Maxime donne un exemple très parlant : les roues aluminium. Cette année, Max et Till disposent d’options qu’ils n’avaient pas forcément auparavant, et cela change le quotidien. Non pas parce qu’une roue alu serait un détail spectaculaire à elle seule, mais parce qu’elle implique un autre rapport au matériel, à l’usure, au suivi et à la communication avec les mécaniciens.

« Cette année, ils ont des roues alu qu’on n’avait pas avant. Maintenant, il faut commencer à appréhender, à bosser un petit peu avec ça.
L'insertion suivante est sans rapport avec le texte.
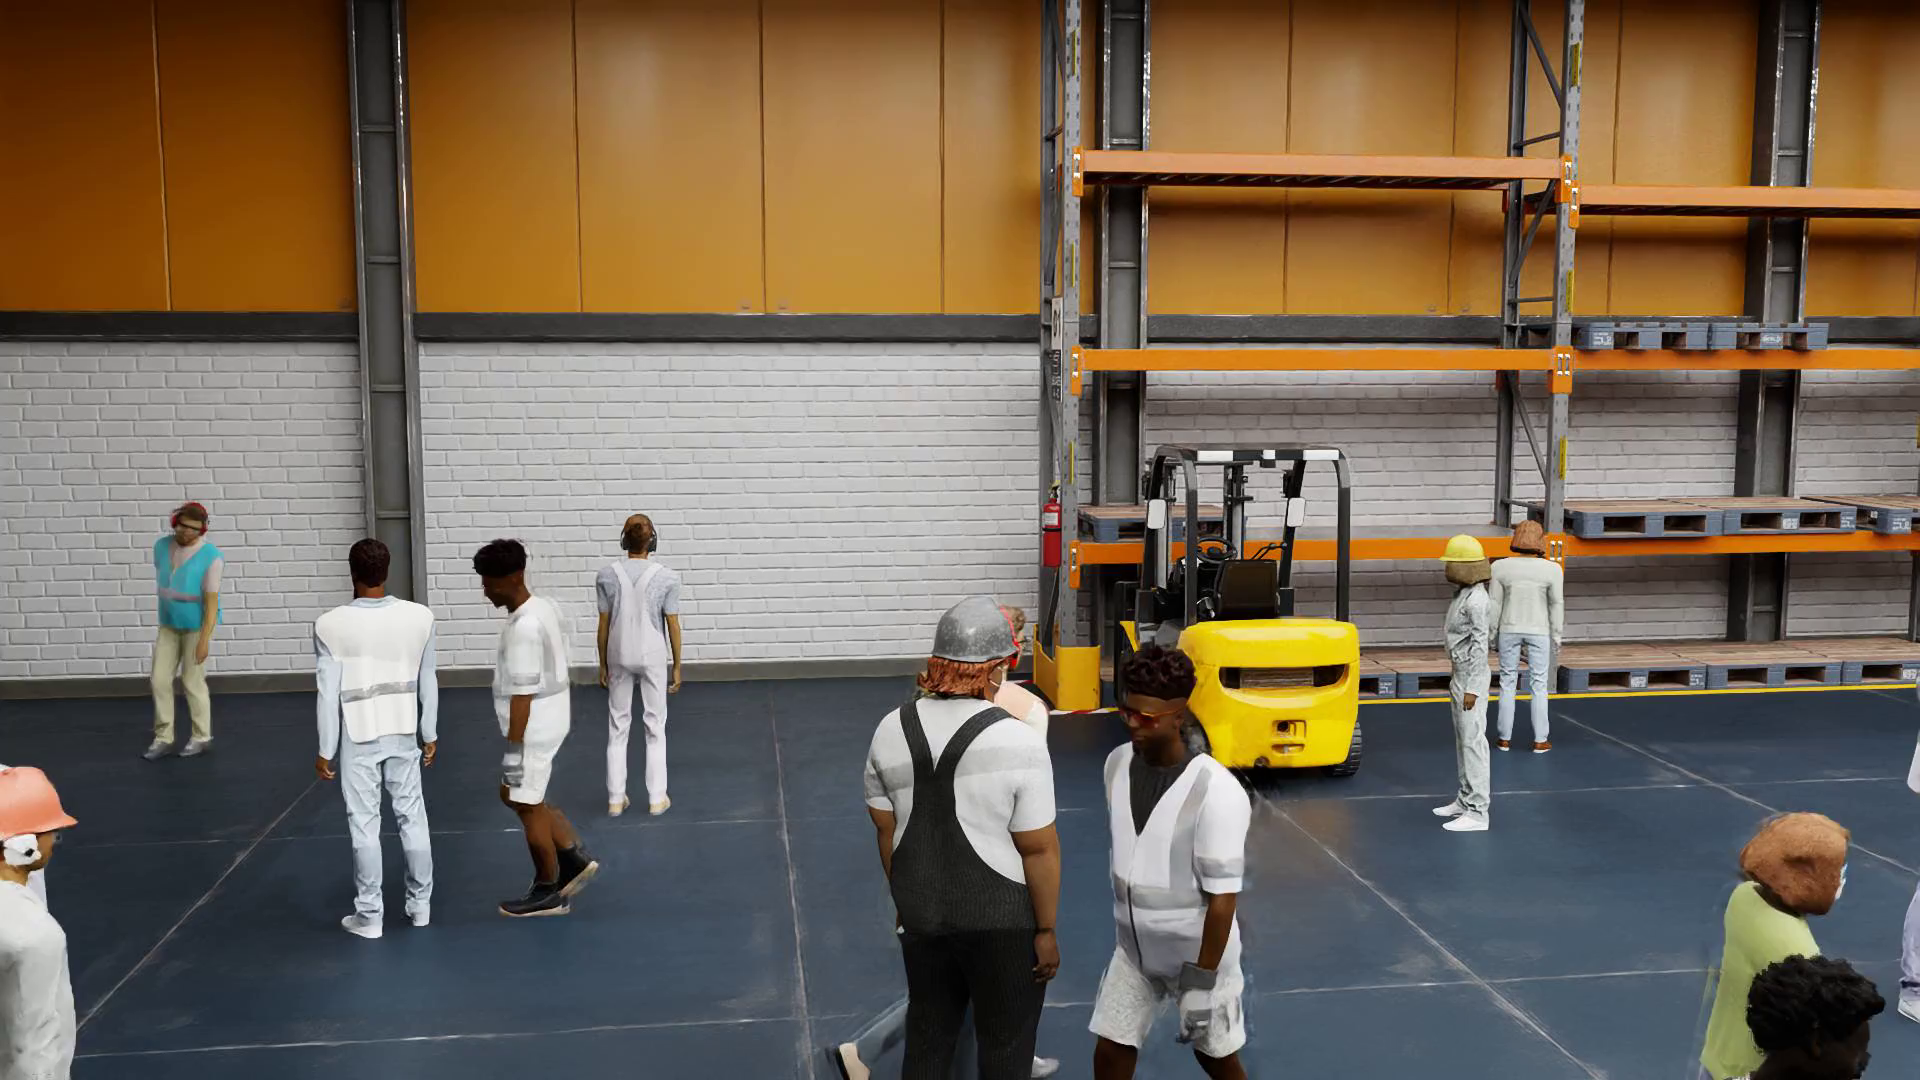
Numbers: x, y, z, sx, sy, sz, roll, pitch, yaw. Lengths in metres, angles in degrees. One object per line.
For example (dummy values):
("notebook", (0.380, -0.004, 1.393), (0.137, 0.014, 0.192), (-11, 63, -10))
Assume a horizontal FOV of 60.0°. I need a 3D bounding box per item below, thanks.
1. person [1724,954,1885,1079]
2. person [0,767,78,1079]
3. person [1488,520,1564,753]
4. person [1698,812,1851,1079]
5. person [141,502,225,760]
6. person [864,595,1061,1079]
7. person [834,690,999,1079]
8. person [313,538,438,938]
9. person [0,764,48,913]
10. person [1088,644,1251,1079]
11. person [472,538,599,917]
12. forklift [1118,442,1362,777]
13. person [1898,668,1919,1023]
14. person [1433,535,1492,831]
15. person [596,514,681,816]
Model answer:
("person", (1.475, 1.623, 3.244), (0.643, 1.669, 0.319), (-3, 7, -27))
("person", (-2.552, 1.461, 4.514), (0.568, 1.707, 0.895), (4, 8, 31))
("person", (3.965, 0.674, 11.682), (0.506, 1.632, 0.266), (3, 7, 23))
("person", (2.186, 1.501, 4.612), (0.811, 1.592, 0.566), (0, 7, 3))
("person", (-5.313, 0.627, 11.392), (0.664, 1.789, 0.558), (2, 7, 16))
("person", (0.062, 1.185, 5.447), (0.684, 2.000, 0.538), (4, 8, 33))
("person", (-0.095, 1.287, 5.832), (0.677, 1.741, 0.531), (1, 7, 8))
("person", (-2.817, 0.957, 8.045), (0.606, 1.916, 0.415), (-6, 9, -40))
("person", (-3.067, 1.339, 5.029), (0.640, 1.830, 0.429), (1, 7, 5))
("person", (0.625, 1.276, 5.208), (0.976, 1.919, 0.620), (-6, 9, -40))
("person", (-2.123, 0.933, 8.160), (0.488, 1.929, 0.676), (-1, 7, -9))
("forklift", (1.912, 0.418, 11.496), (1.214, 2.155, 2.313), (-1, 7, -8))
("person", (4.178, 1.081, 6.930), (0.593, 1.911, 0.383), (-3, 7, -27))
("person", (2.969, 0.835, 9.803), (0.318, 1.741, 0.492), (1, 7, 8))
("person", (-1.939, 0.760, 10.072), (0.508, 1.842, 0.353), (0, 7, -2))

Il faut que ça marche aussi avec les mécanos parce que les roues alu, on sait que ça s’use un petit peu plus vite. »

Là encore, on touche au cœur du sujet. Le progrès technique n’est pas seulement une question de matériel disponible. C’est une question de process. Si le pilote arrive en bas d’un run et qu’il faut vérifier, remplacer ou ajuster plus souvent certains éléments, il doit l’intégrer naturellement dans sa routine et dans celle de l’équipe.

Ce qui était exceptionnel ou absent en junior devient une possibilité normale en élite. Il faut donc apprendre à parler le même langage que les mécanos, à remonter les bonnes informations, à accepter que certaines pièces tournent davantage, et surtout à ne pas subir cette complexité.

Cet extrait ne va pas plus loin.